- INSTRUCTIONS FOR THE TASK: Leaving the pictures aside, reproduce the data in full and word for word.

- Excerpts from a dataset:
▬▬▬▬▬▬

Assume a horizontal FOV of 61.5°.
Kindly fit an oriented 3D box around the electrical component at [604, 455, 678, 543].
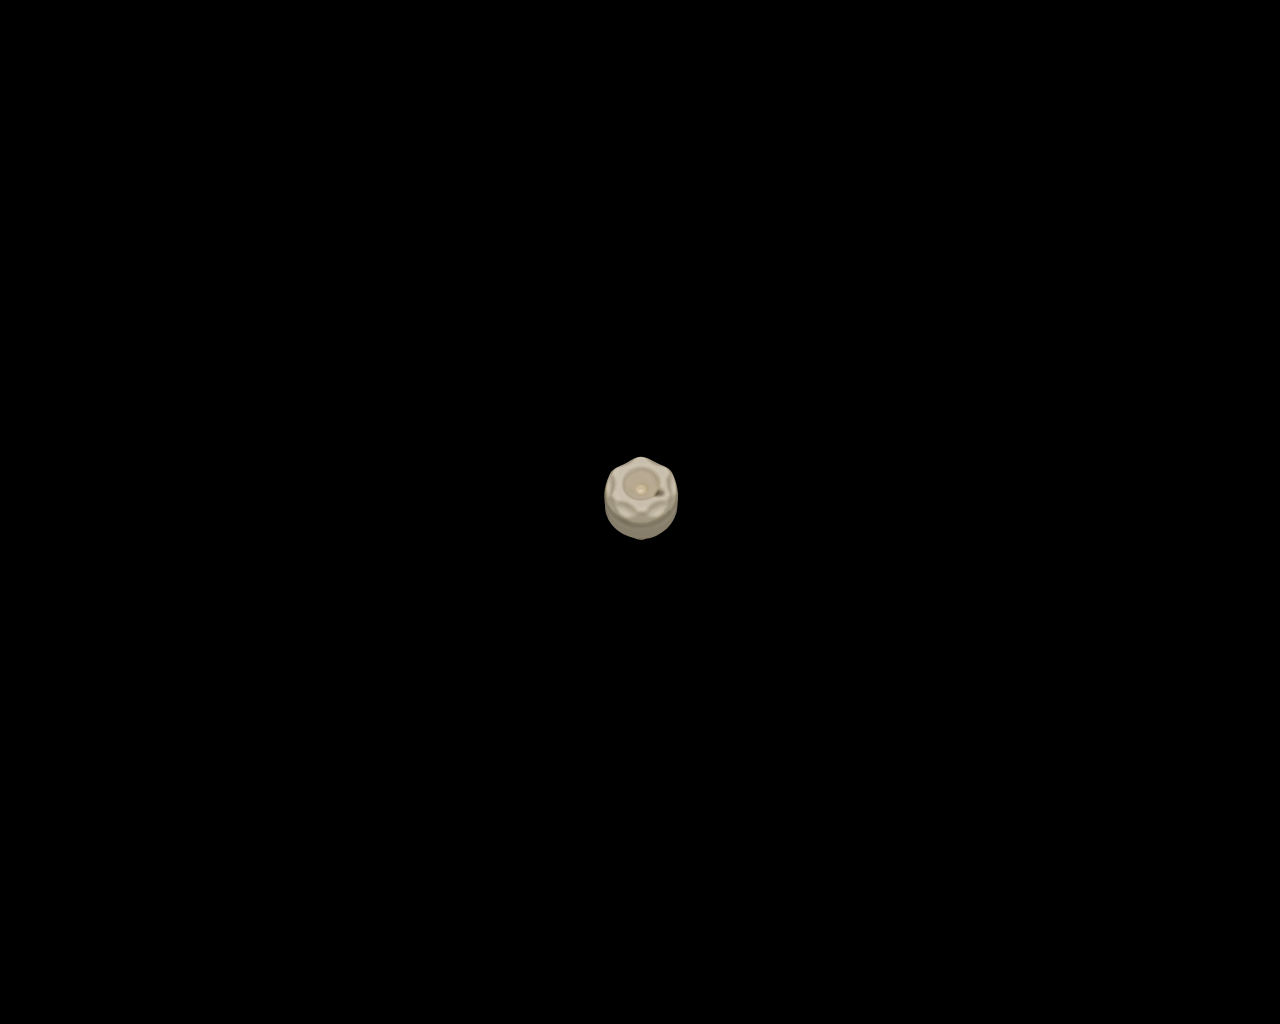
[{"bbox_3d":[0.001,-0.003,0.650,0.043,0.043,0.062,0,-28,0],"label":"electrical component"}]
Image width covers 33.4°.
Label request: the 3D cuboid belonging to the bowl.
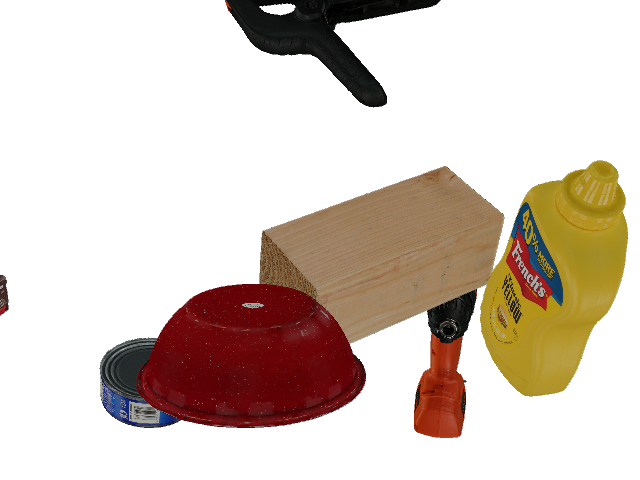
[{"bbox_3d":[-0.048,0.070,0.743,0.162,0.055,0.162,0,17,0],"label":"bowl"}]

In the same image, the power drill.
[{"bbox_3d":[0.135,0.113,1.139,0.057,0.188,0.184,8,24,8],"label":"power drill"}]

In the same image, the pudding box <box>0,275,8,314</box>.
[{"bbox_3d":[-0.334,0.052,0.893,0.114,0.039,0.089,10,26,20],"label":"pudding box"}]

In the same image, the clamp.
[{"bbox_3d":[0.007,-0.178,0.827,0.172,0.120,0.039,29,-27,20],"label":"clamp"}]

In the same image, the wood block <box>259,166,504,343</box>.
[{"bbox_3d":[0.055,0.017,0.977,0.205,0.090,0.091,-21,46,-28],"label":"wood block"}]

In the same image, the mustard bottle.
[{"bbox_3d":[0.158,0.017,0.710,0.058,0.096,0.192,-5,-37,-12],"label":"mustard bottle"}]

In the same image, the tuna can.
[{"bbox_3d":[-0.146,0.122,0.917,0.086,0.034,0.086,5,30,-3],"label":"tuna can"}]
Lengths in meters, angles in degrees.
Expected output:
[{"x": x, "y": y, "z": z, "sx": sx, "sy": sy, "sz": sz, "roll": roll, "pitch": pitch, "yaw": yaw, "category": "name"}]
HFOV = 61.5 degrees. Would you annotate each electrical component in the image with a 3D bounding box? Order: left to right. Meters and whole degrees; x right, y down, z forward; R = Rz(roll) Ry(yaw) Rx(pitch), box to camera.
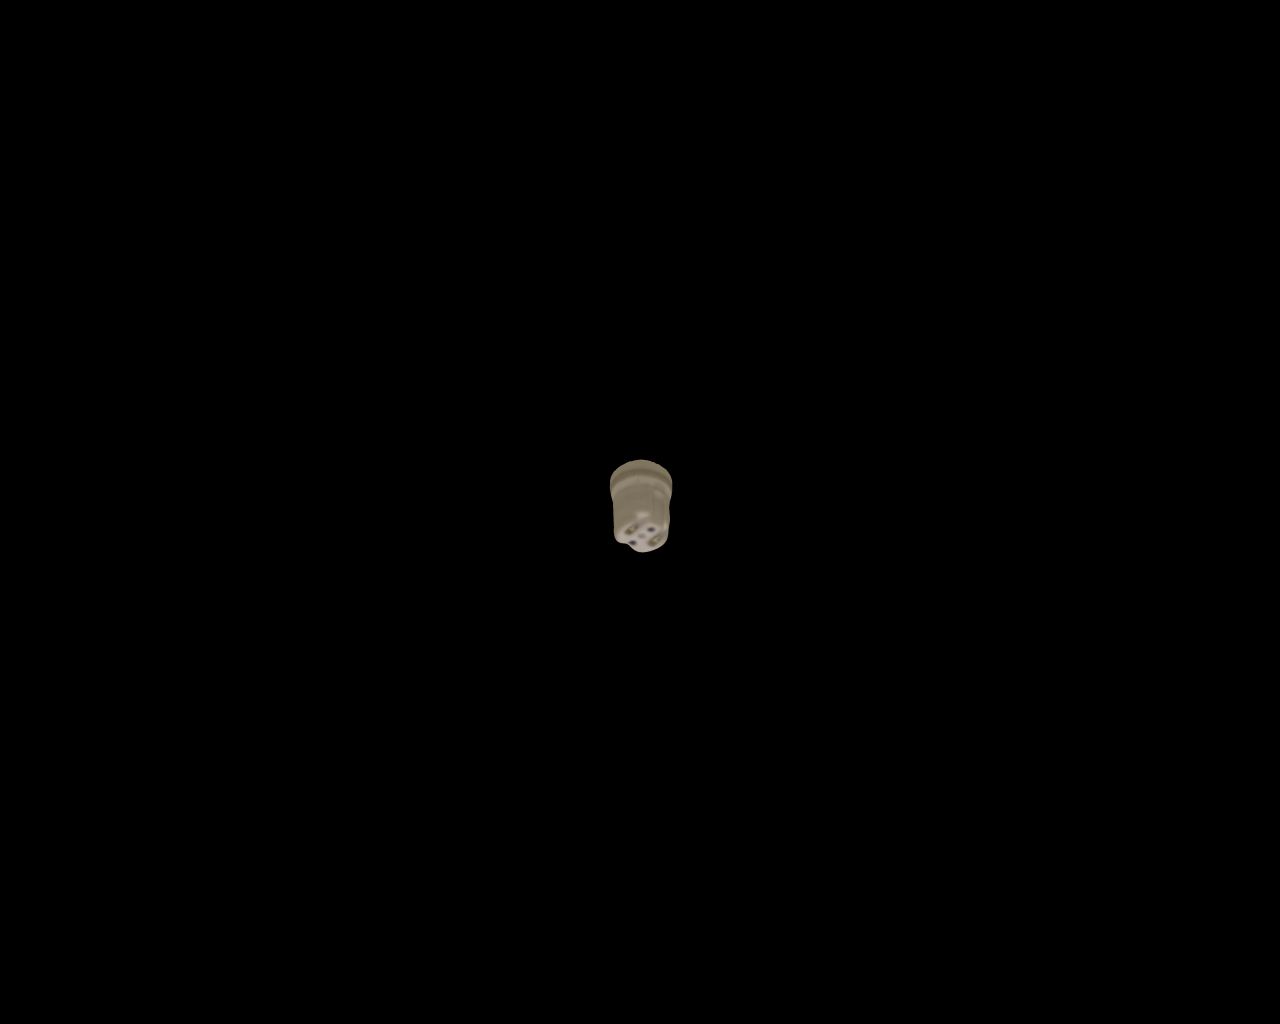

▬▬▬▬▬▬

- RESULT FOR THIS TASK:
Assume a horizontal FOV of 61.5°.
Kindly fit an oriented 3D box around the electrical component at [604, 455, 678, 543].
[{"bbox_3d":[0.001,-0.003,0.650,0.043,0.043,0.062,0,-28,0],"label":"electrical component"}]
Image width covers 33.4°.
Label request: the 3D cuboid belonging to the bowl.
[{"bbox_3d":[-0.048,0.070,0.743,0.162,0.055,0.162,0,17,0],"label":"bowl"}]

In the same image, the power drill.
[{"bbox_3d":[0.135,0.113,1.139,0.057,0.188,0.184,8,24,8],"label":"power drill"}]

In the same image, the pudding box <box>0,275,8,314</box>.
[{"bbox_3d":[-0.334,0.052,0.893,0.114,0.039,0.089,10,26,20],"label":"pudding box"}]

In the same image, the clamp.
[{"bbox_3d":[0.007,-0.178,0.827,0.172,0.120,0.039,29,-27,20],"label":"clamp"}]

In the same image, the wood block <box>259,166,504,343</box>.
[{"bbox_3d":[0.055,0.017,0.977,0.205,0.090,0.091,-21,46,-28],"label":"wood block"}]

In the same image, the mustard bottle.
[{"bbox_3d":[0.158,0.017,0.710,0.058,0.096,0.192,-5,-37,-12],"label":"mustard bottle"}]

In the same image, the tuna can.
[{"bbox_3d":[-0.146,0.122,0.917,0.086,0.034,0.086,5,30,-3],"label":"tuna can"}]
Lengths in meters, angles in degrees.
Expected output:
[{"x": x, "y": y, "z": z, "sx": sx, "sy": sy, "sz": sz, "roll": roll, "pitch": pitch, "yaw": yaw, "category": "name"}]
HFOV = 61.5 degrees. Would you annotate each electrical component in the image with a 3D bounding box? Order: left to right. Meters and whole degrees; x right, y down, z forward; R = Rz(roll) Ry(yaw) Rx(pitch), box to camera.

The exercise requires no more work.